[Records contained in a dataset]
....

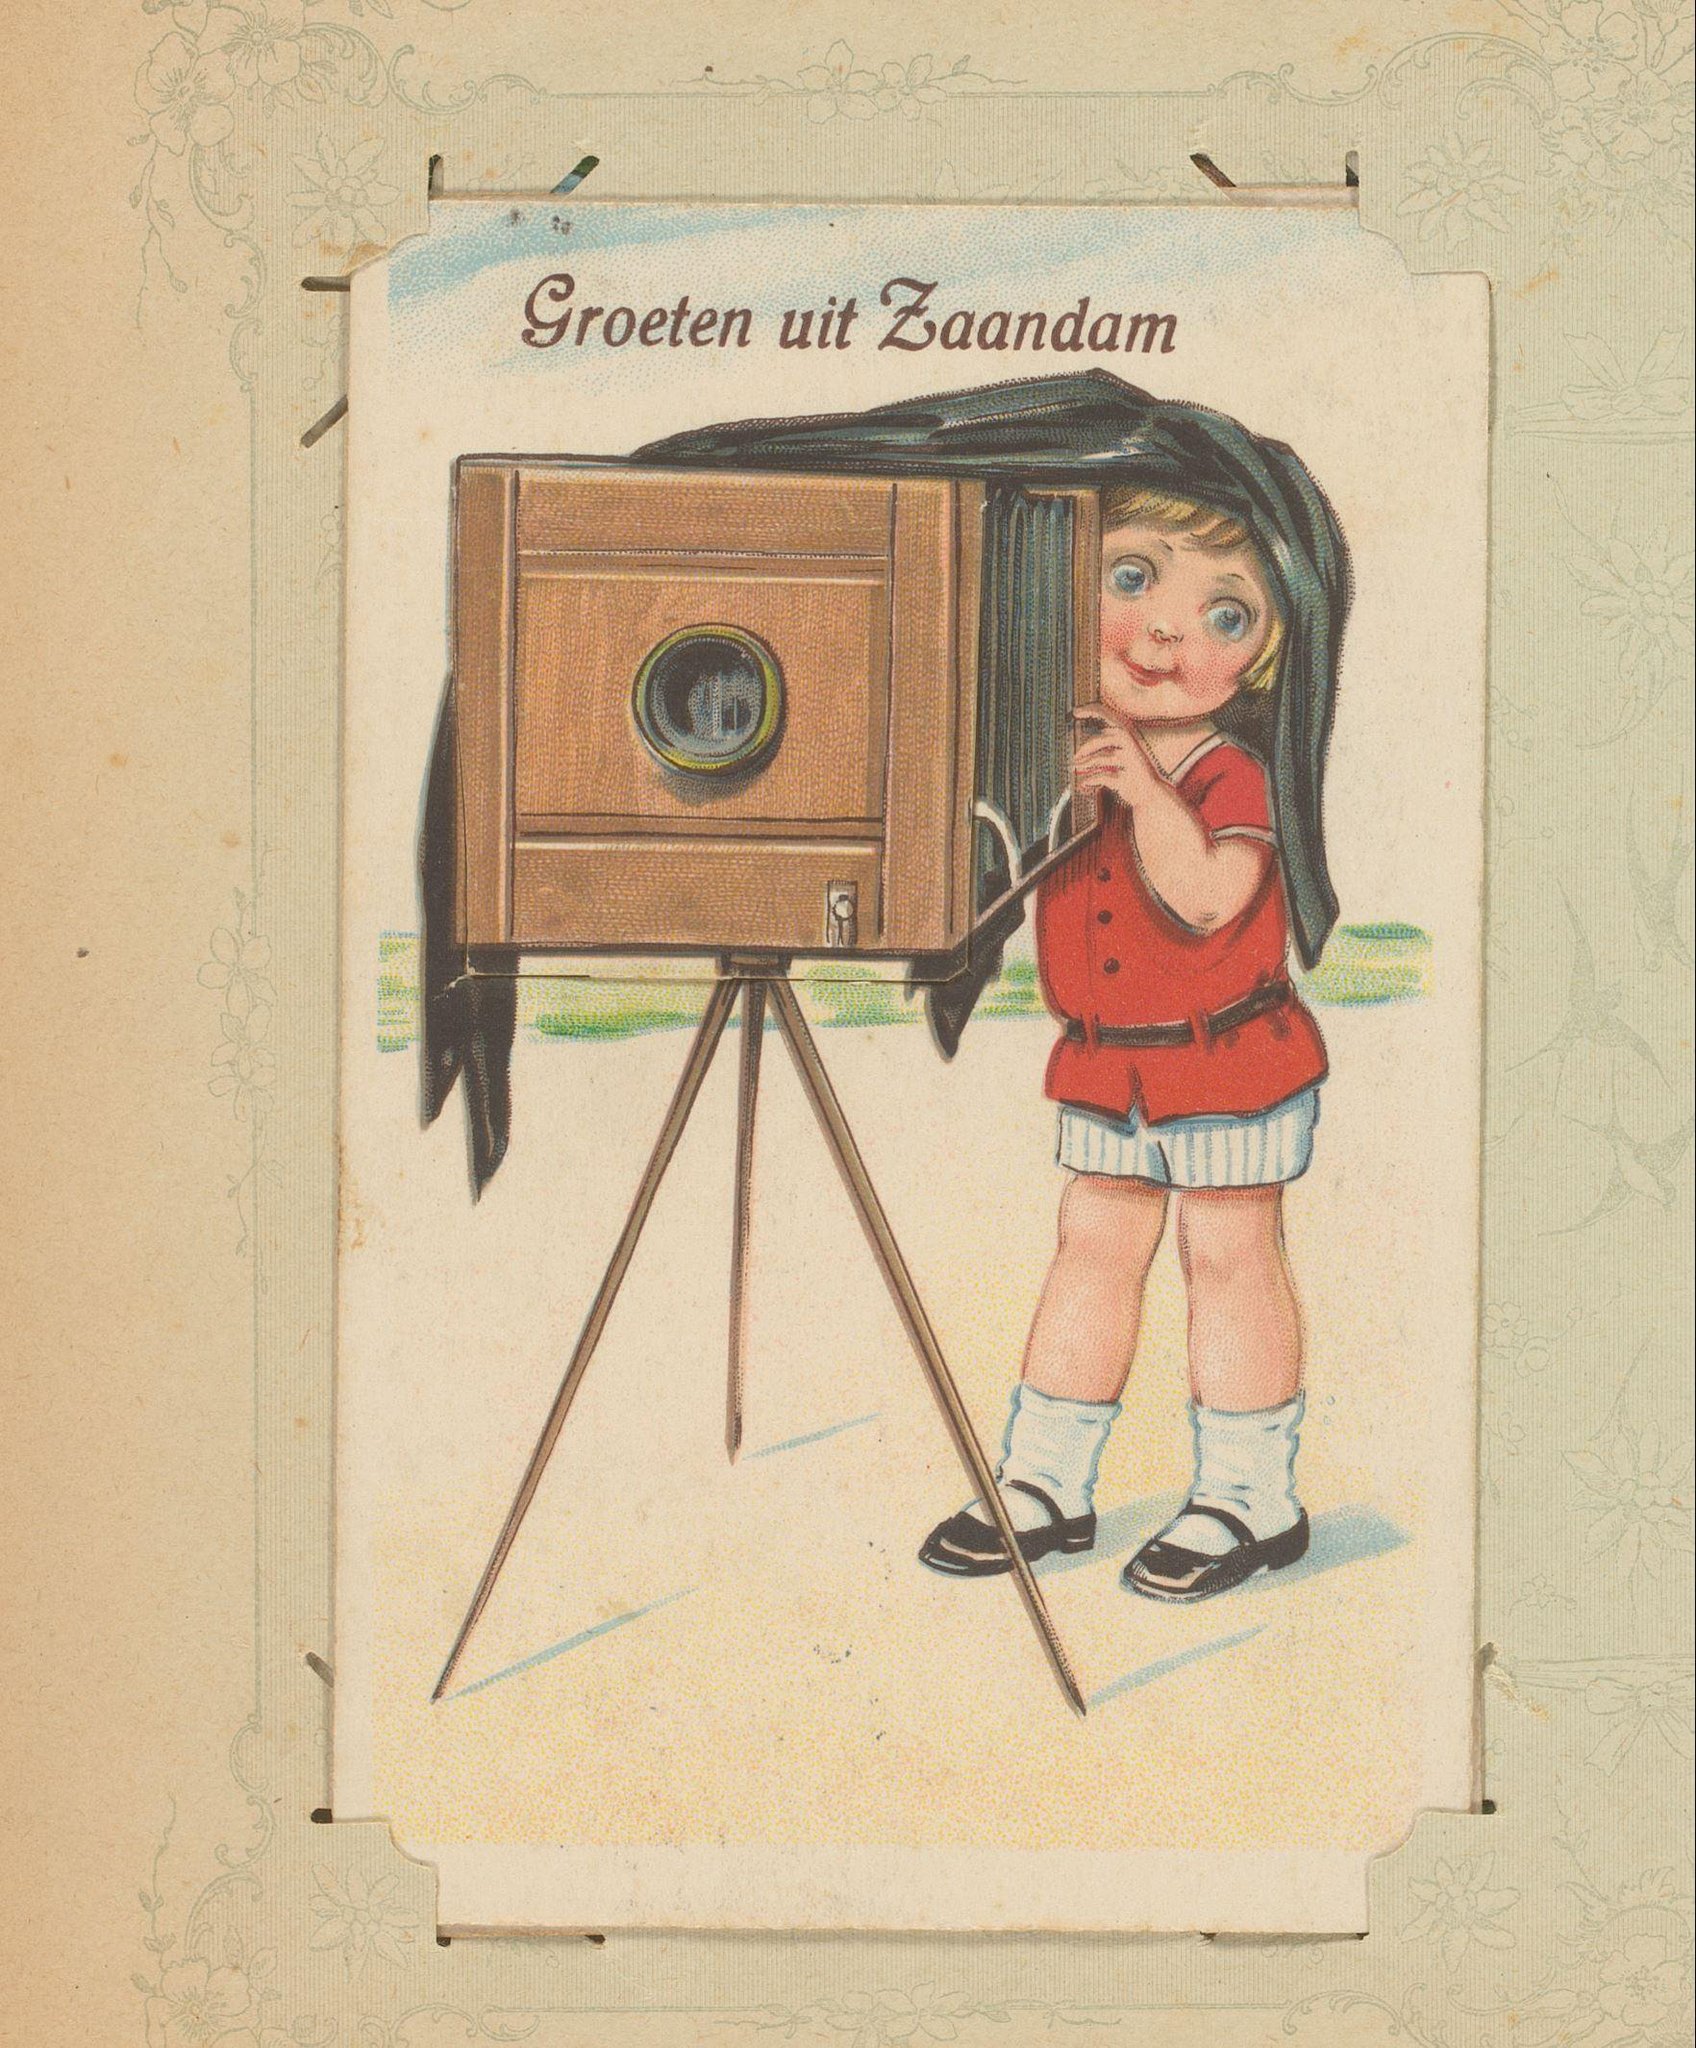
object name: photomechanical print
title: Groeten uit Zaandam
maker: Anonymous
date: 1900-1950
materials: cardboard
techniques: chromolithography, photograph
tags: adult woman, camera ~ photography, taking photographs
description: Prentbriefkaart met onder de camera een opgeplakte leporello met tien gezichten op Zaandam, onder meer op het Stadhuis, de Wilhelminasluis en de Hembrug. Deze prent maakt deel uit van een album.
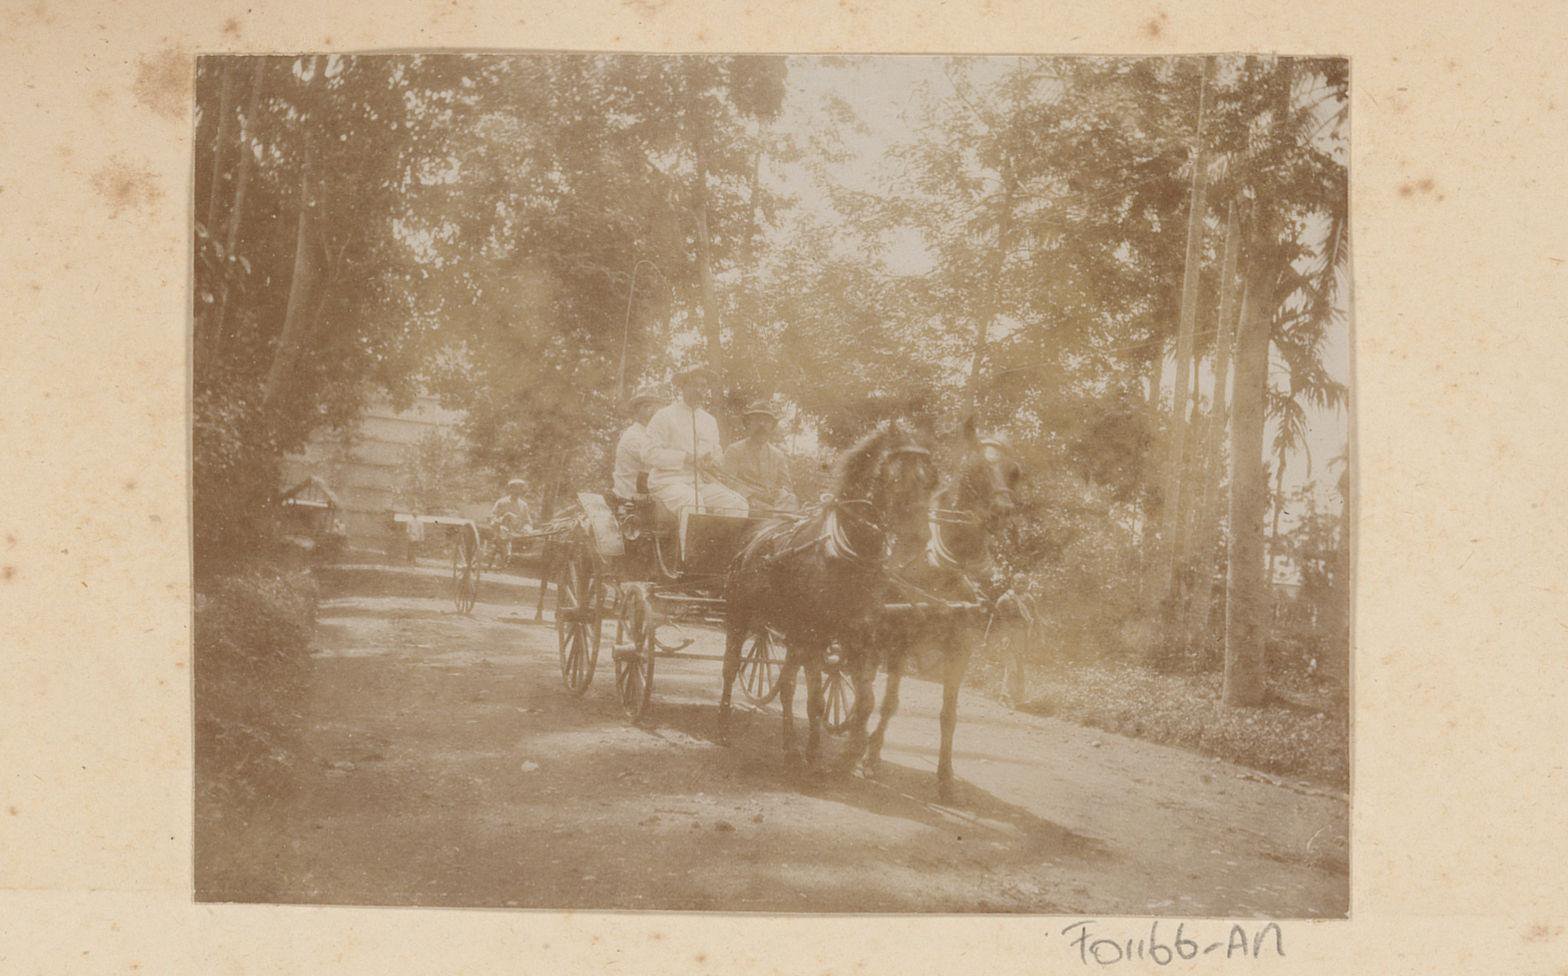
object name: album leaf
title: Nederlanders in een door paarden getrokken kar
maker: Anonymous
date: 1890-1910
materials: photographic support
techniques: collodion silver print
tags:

....

Prompt: Leave the pictures out, and restate exactly the lines from the start of the records through the one that contains "object name: album leaf".

Expected answer:
object name: photomechanical print
title: Groeten uit Zaandam
maker: Anonymous
date: 1900-1950
materials: cardboard
techniques: chromolithography, photograph
tags: adult woman, camera ~ photography, taking photographs
description: Prentbriefkaart met onder de camera een opgeplakte leporello met tien gezichten op Zaandam, onder meer op het Stadhuis, de Wilhelminasluis en de Hembrug. Deze prent maakt deel uit van een album.
object name: album leaf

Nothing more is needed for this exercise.